» **GIVEN DATA**
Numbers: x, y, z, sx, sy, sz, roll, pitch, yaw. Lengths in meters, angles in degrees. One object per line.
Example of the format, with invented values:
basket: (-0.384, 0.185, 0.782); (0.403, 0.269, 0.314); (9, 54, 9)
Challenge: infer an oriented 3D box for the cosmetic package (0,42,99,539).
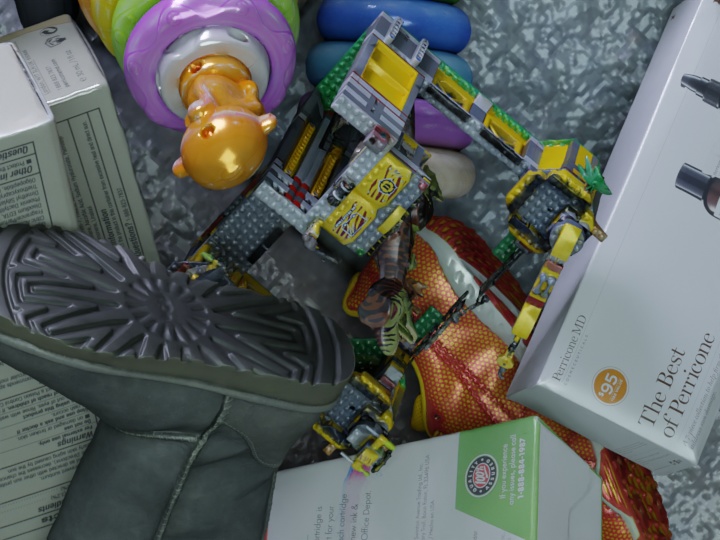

» **ACTION ITEM**
Return the data above in its exact wording, with none of the pictures.

» **RESULT OF THE EXERCISE**
Numbers: x, y, z, sx, sy, sz, roll, pitch, yaw. Lengths in meters, angles in degrees. One object per line.
Example of the format, with invented values:
basket: (-0.384, 0.185, 0.782); (0.403, 0.269, 0.314); (9, 54, 9)
Challenge: infer an oriented 3D box for the cosmetic package (0,42,99,539).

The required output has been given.